Rabbi Samuel Ohana’s attorney Scott Sobel responds to the latest ruling:
The RCC contract for binding arbitration was for arbitration of the dispute of Mrs. Rita Pauker, as an individual, against Rabbi Samuel Ohana, as an individual, and Beth Midrash Mishkan Israel, a synagogue which is a non-profit corporation. Mrs. Pauker initiated the Beit Din proceeding. She (through her attorney at that time) identified and named the parties to the dispute. She did not sue (arbitrate) as an agent for her late husband’s synagogue, a non-profit corporation. She merely claimed that she was personally entitled to own the four Sifrei Torah in question.
At the second Beit Din hearing in January, Rabbi Ohana proved that according to all applicable laws (Halacha, California and Federal corporate law) Mrs. Pauker had no legal claim of ownership of the four Sifrei Torah.
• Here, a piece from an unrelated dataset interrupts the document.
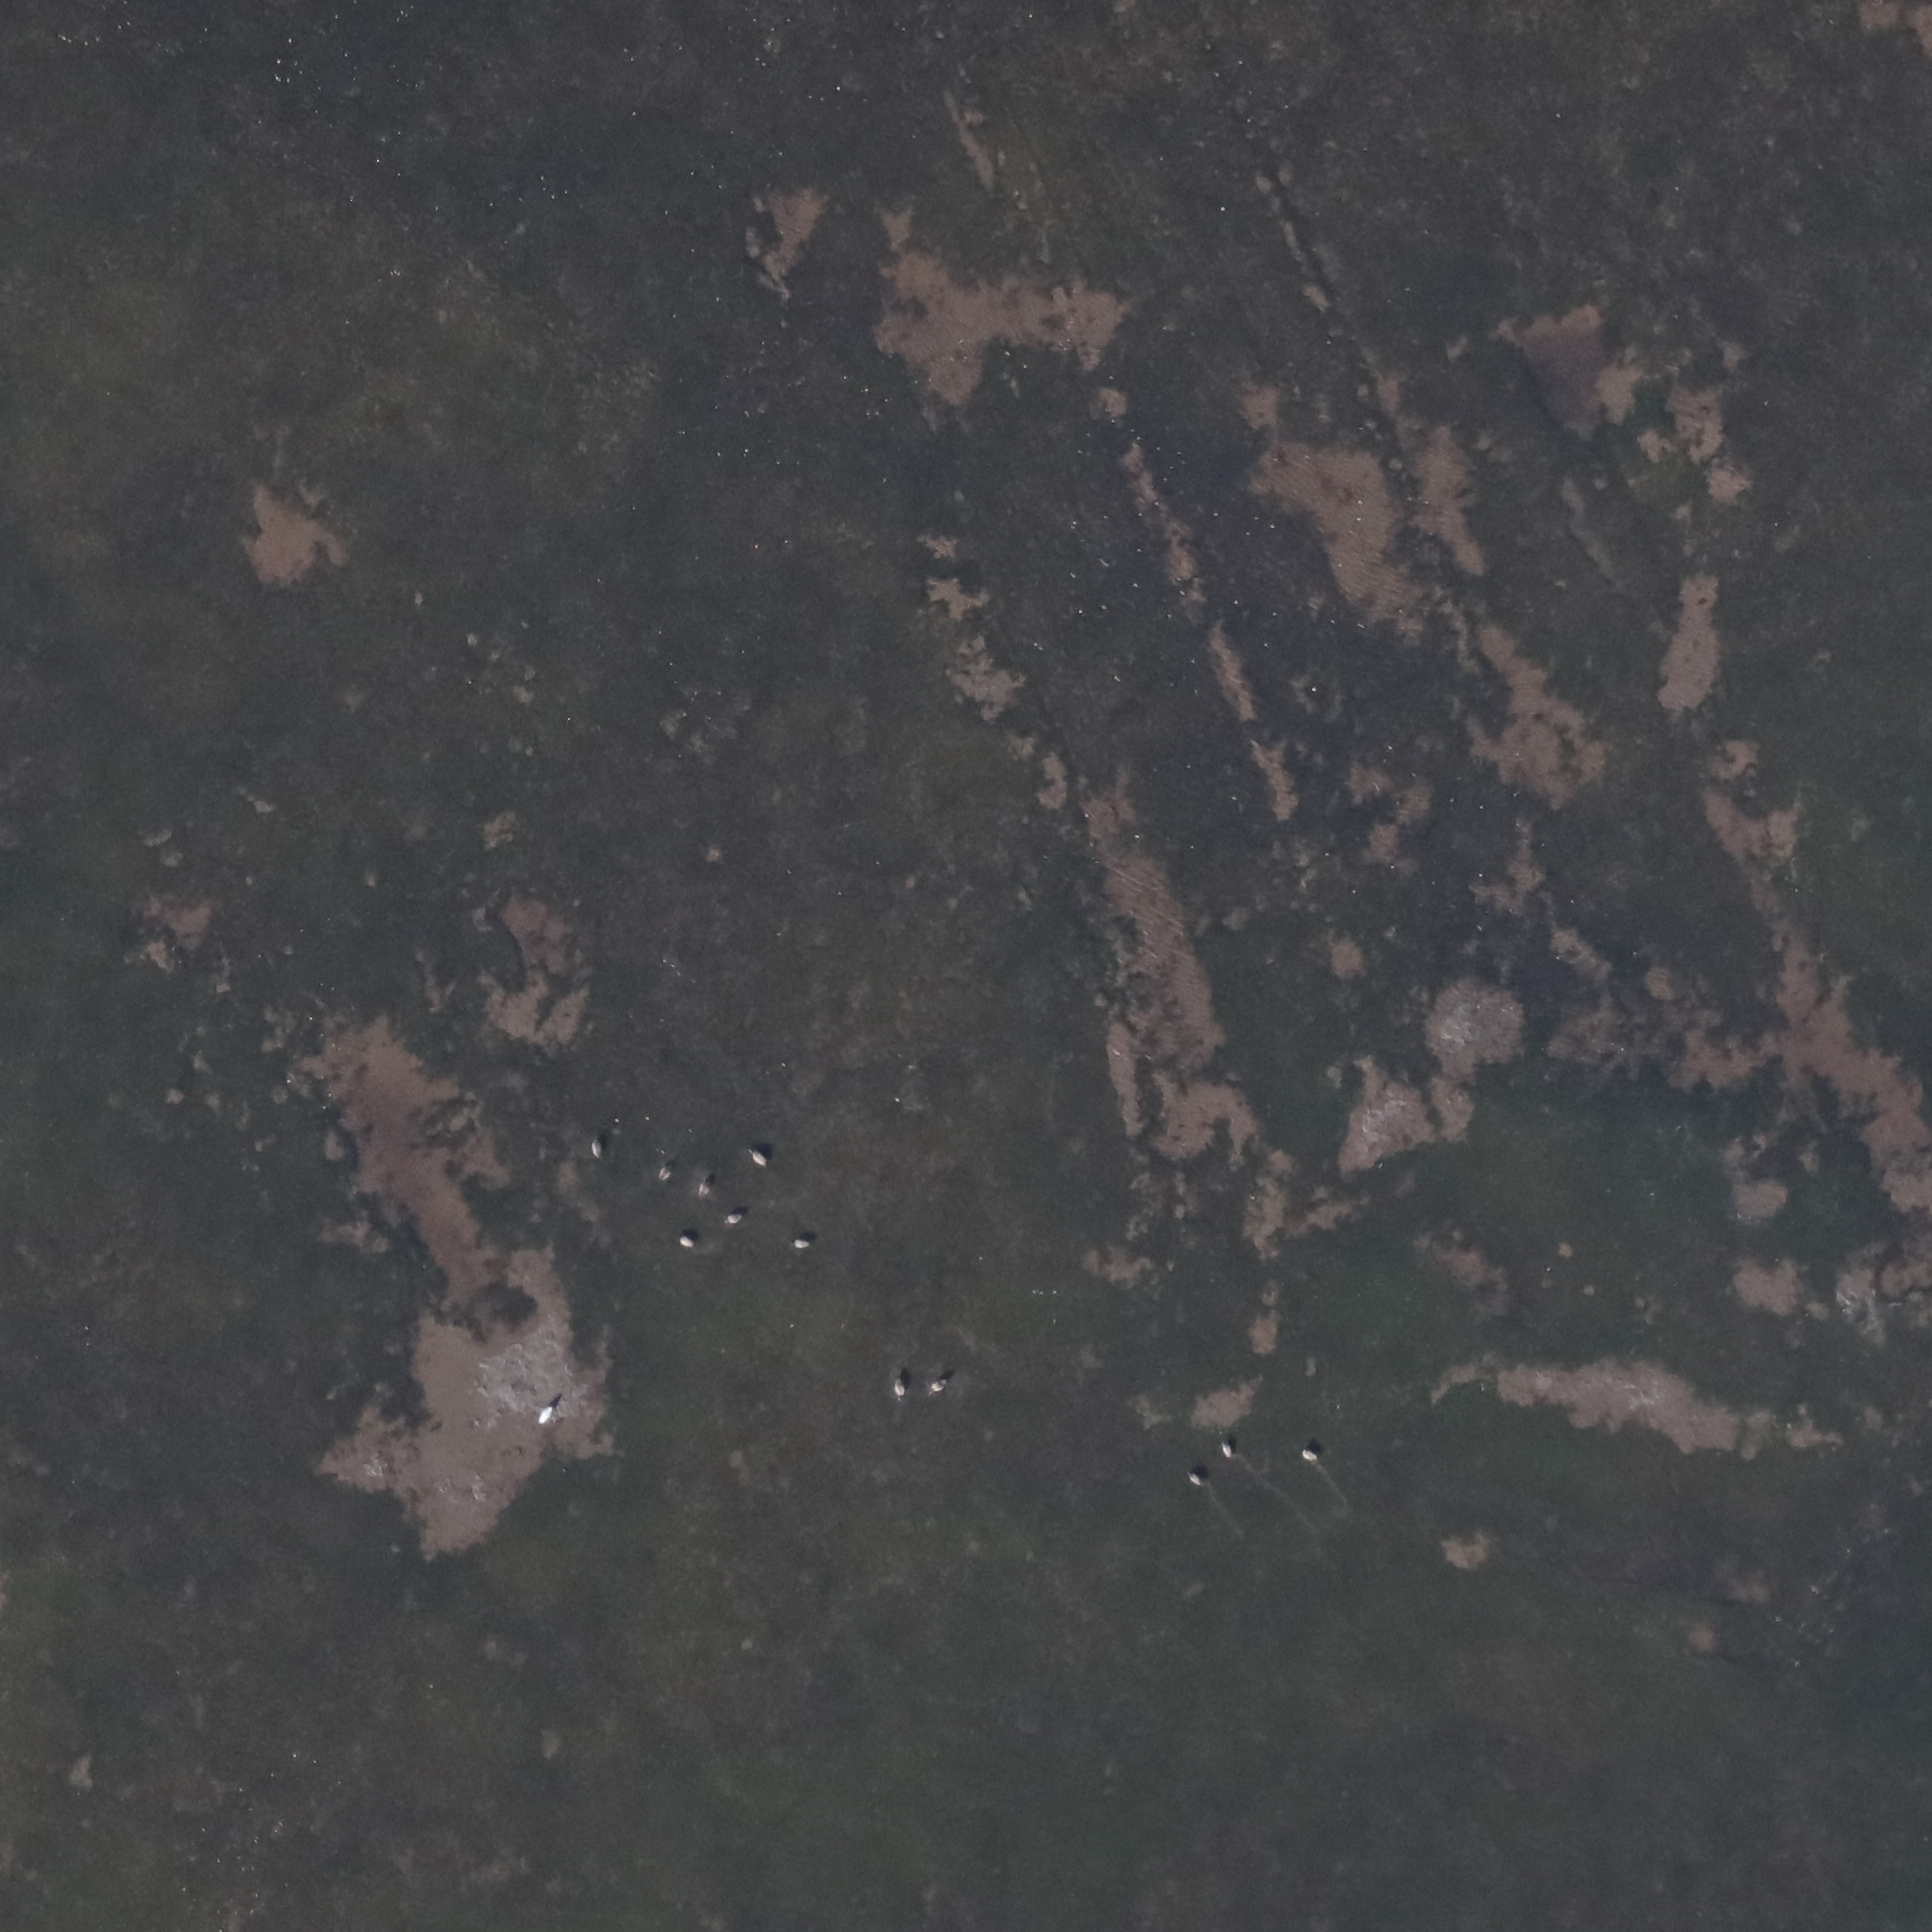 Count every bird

13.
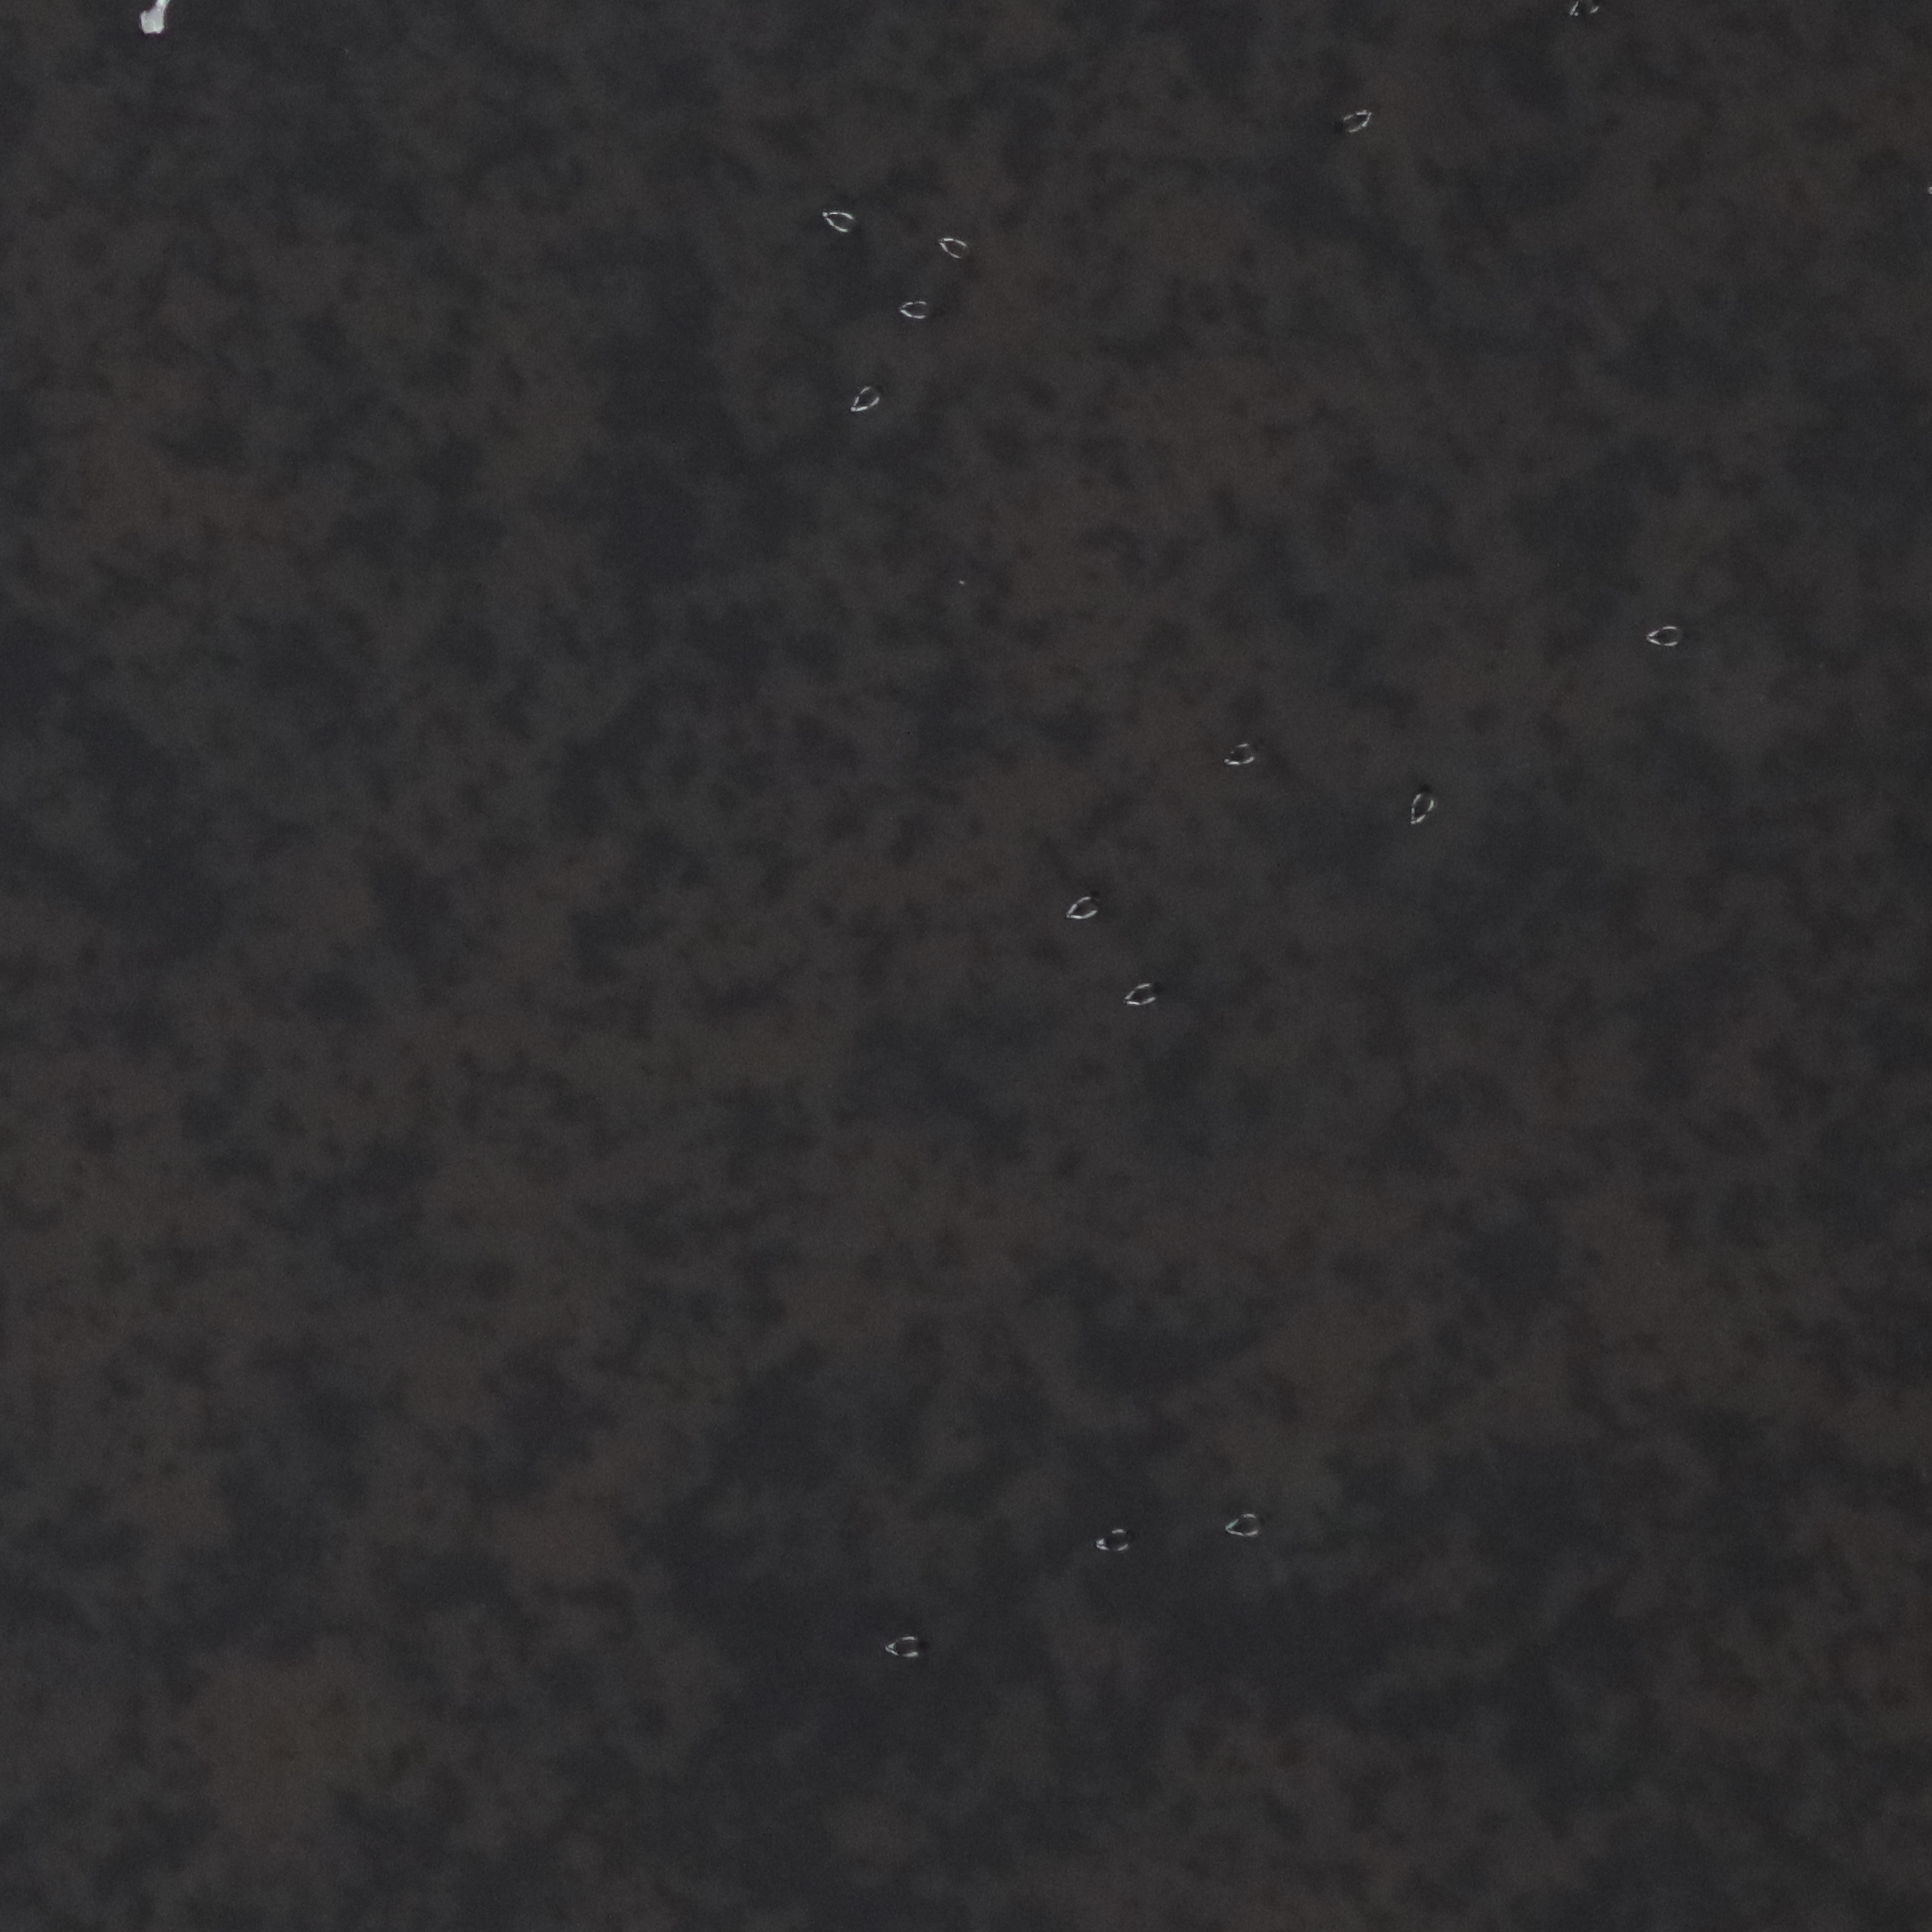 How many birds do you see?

In his decision, Rav Tendler agreed with this position. He did not award the Sifrei Torah to Mrs. Pauker in her individual capacity. We believe that the primary error in the second Beit Din hearing was that instead of simply deciding that Mrs. Pauker had failed to prove her right to ownership of the Torah scrolls, the Rav decided sua sponte, to do something that Mrs. Pauker neither argued for nor requested: “I rule that the four Torah Scrols in question are the property of the non-profit Valley Mishkan Israel Congregation of which Rita Pauker is the Agent. Therefore, the four Torah Scrolls should be returned to Ms. Pauker …” In other words, after determining that Mrs. Pauker had no right to the Sifrei Torah, he gave them to the corporation which Mrs. Pauker apparently controls, an entity which was not a party to the arbitration proceeding.
Under the law, when party A sues party B, no arbitrator, judge or jury has the right to declare that party C is the winner – particularly not in contractual binding arbitration, where the agreement defines the arbitrator’s jurisdiction!
I simply am not able to offer any cogent explanation of the judge’s ruling today, confirming just such a result.
A second point of error at the Beit Din hearing was the arbitrator’s violation of Rabbi Ohana’s and the synagogue’s fundamental right to the counsel of their choice. Rabbi Ohana and the synagogue brought two attorneys to the arbitration hearing: Scott Sobel to argue issues of secular law, and Steven Friedman to argue issues of Halacha, both working pro bono (without payment). The RCC arbitration agreement states: “We understand that we have the right to be represented by attorneys or other advisors in the arbitration at any time.” (Note the plural.) The Rav ruled that each side would only be allowed to have one attorney or advisor participate in the Beit Din proceeding. Thus, Mr. Friedman waited in the lobby throughout the hearing, for nearly five hours! (It is not at all unusual for parties to legal proceedings to have multiple representatives present for trial and other proceedings.)
Rabbi Ohana has asked his attorneys to appeal today’s ruling to the Court of Appeals without delay. Once judgment on today’s ruling has been entered and mailed to the parties, the losing party has up to 60 days to file a Notice of Appeal.